- GOAL OF THE EXERCISE
Return every line below exactly as written.

- INFORMATION SHOWN
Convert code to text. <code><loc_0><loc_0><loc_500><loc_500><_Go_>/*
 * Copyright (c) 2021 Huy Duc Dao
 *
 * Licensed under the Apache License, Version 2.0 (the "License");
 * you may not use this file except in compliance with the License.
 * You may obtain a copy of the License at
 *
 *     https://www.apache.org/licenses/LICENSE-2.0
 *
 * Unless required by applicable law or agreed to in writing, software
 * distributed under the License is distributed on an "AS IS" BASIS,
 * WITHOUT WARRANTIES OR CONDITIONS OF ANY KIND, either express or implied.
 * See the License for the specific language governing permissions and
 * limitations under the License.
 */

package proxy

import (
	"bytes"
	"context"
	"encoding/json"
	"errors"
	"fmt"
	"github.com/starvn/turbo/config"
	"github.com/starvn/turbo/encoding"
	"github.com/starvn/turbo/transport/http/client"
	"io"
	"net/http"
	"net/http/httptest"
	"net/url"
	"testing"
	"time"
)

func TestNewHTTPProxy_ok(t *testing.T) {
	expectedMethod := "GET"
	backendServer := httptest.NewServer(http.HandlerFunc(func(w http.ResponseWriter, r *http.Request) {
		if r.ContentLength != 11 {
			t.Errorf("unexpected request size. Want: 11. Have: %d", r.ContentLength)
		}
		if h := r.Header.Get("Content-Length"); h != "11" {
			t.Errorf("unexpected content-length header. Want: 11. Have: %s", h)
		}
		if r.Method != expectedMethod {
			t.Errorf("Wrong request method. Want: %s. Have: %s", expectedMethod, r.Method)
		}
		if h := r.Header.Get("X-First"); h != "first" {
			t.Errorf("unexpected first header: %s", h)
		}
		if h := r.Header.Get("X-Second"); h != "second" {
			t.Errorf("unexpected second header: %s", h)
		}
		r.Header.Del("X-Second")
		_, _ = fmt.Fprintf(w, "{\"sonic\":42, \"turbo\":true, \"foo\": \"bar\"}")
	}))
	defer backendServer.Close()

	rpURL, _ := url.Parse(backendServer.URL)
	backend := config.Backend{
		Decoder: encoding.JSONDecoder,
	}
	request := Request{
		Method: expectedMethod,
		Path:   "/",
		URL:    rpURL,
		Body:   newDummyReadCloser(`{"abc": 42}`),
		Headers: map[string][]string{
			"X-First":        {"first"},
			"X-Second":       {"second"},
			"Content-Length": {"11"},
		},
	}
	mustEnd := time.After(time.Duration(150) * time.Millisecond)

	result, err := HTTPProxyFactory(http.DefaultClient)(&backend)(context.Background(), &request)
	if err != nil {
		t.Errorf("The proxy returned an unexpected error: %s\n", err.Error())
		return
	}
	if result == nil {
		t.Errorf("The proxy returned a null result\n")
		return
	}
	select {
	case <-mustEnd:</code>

- REPLY TO THE EXERCISE
Convert code to text. <code><loc_0><loc_0><loc_500><loc_500><_Go_>/*
 * Copyright (c) 2021 Huy Duc Dao
 *
 * Licensed under the Apache License, Version 2.0 (the "License");
 * you may not use this file except in compliance with the License.
 * You may obtain a copy of the License at
 *
 *     https://www.apache.org/licenses/LICENSE-2.0
 *
 * Unless required by applicable law or agreed to in writing, software
 * distributed under the License is distributed on an "AS IS" BASIS,
 * WITHOUT WARRANTIES OR CONDITIONS OF ANY KIND, either express or implied.
 * See the License for the specific language governing permissions and
 * limitations under the License.
 */

package proxy

import (
	"bytes"
	"context"
	"encoding/json"
	"errors"
	"fmt"
	"github.com/starvn/turbo/config"
	"github.com/starvn/turbo/encoding"
	"github.com/starvn/turbo/transport/http/client"
	"io"
	"net/http"
	"net/http/httptest"
	"net/url"
	"testing"
	"time"
)

func TestNewHTTPProxy_ok(t *testing.T) {
	expectedMethod := "GET"
	backendServer := httptest.NewServer(http.HandlerFunc(func(w http.ResponseWriter, r *http.Request) {
		if r.ContentLength != 11 {
			t.Errorf("unexpected request size. Want: 11. Have: %d", r.ContentLength)
		}
		if h := r.Header.Get("Content-Length"); h != "11" {
			t.Errorf("unexpected content-length header. Want: 11. Have: %s", h)
		}
		if r.Method != expectedMethod {
			t.Errorf("Wrong request method. Want: %s. Have: %s", expectedMethod, r.Method)
		}
		if h := r.Header.Get("X-First"); h != "first" {
			t.Errorf("unexpected first header: %s", h)
		}
		if h := r.Header.Get("X-Second"); h != "second" {
			t.Errorf("unexpected second header: %s", h)
		}
		r.Header.Del("X-Second")
		_, _ = fmt.Fprintf(w, "{\"sonic\":42, \"turbo\":true, \"foo\": \"bar\"}")
	}))
	defer backendServer.Close()

	rpURL, _ := url.Parse(backendServer.URL)
	backend := config.Backend{
		Decoder: encoding.JSONDecoder,
	}
	request := Request{
		Method: expectedMethod,
		Path:   "/",
		URL:    rpURL,
		Body:   newDummyReadCloser(`{"abc": 42}`),
		Headers: map[string][]string{
			"X-First":        {"first"},
			"X-Second":       {"second"},
			"Content-Length": {"11"},
		},
	}
	mustEnd := time.After(time.Duration(150) * time.Millisecond)

	result, err := HTTPProxyFactory(http.DefaultClient)(&backend)(context.Background(), &request)
	if err != nil {
		t.Errorf("The proxy returned an unexpected error: %s\n", err.Error())
		return
	}
	if result == nil {
		t.Errorf("The proxy returned a null result\n")
		return
	}
	select {
	case <-mustEnd:</code>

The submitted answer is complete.